[Work item]
Each record must be returned exactly, apart from the pictures, which stay out.

(Stored items)
Content starts

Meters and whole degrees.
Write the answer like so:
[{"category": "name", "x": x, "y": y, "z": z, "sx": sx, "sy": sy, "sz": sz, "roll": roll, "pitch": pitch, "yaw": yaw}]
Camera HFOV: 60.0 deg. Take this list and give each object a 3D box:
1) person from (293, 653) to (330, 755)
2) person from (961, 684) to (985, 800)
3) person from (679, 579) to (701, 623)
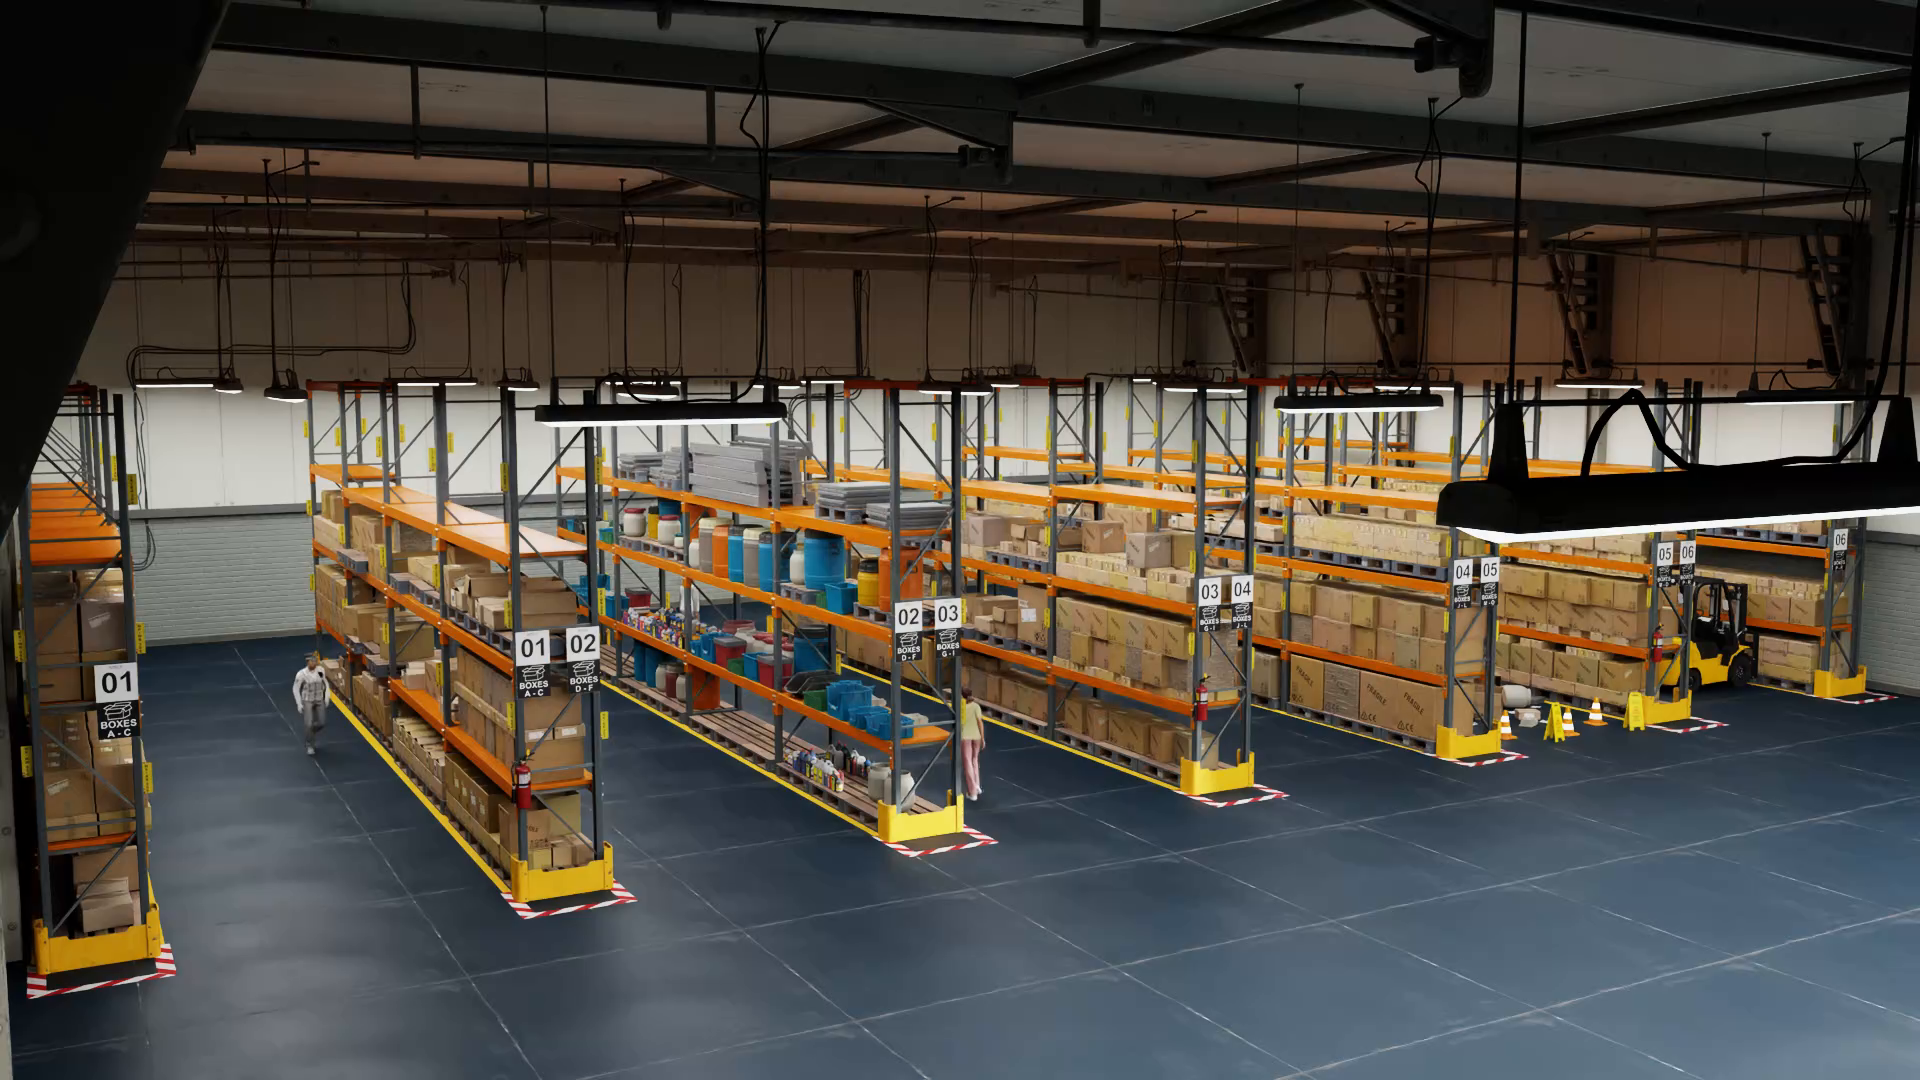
[{"category": "person", "x": -10.599, "y": 2.634, "z": 27.146, "sx": 0.586, "sy": 1.662, "sz": 0.517, "roll": -5, "pitch": 8, "yaw": -39}, {"category": "person", "x": 0.115, "y": 2.927, "z": 24.170, "sx": 0.480, "sy": 1.652, "sz": 0.514, "roll": -2, "pitch": 6, "yaw": -19}, {"category": "person", "x": -5.915, "y": 1.583, "z": 36.478, "sx": 0.588, "sy": 1.812, "sz": 0.540, "roll": 4, "pitch": 7, "yaw": 34}]

Content ends

[Answer space]
Meters and whole degrees.
Write the answer like so:
[{"category": "name", "x": x, "y": y, "z": z, "sx": sx, "sy": sy, "sz": sz, "roll": roll, "pitch": pitch, "yaw": yaw}]
Camera HFOV: 60.0 deg. Take this list and give each object a 3D box:
1) person from (293, 653) to (330, 755)
2) person from (961, 684) to (985, 800)
3) person from (679, 579) to (701, 623)
[{"category": "person", "x": -10.599, "y": 2.634, "z": 27.146, "sx": 0.586, "sy": 1.662, "sz": 0.517, "roll": -5, "pitch": 8, "yaw": -39}, {"category": "person", "x": 0.115, "y": 2.927, "z": 24.170, "sx": 0.480, "sy": 1.652, "sz": 0.514, "roll": -2, "pitch": 6, "yaw": -19}, {"category": "person", "x": -5.915, "y": 1.583, "z": 36.478, "sx": 0.588, "sy": 1.812, "sz": 0.540, "roll": 4, "pitch": 7, "yaw": 34}]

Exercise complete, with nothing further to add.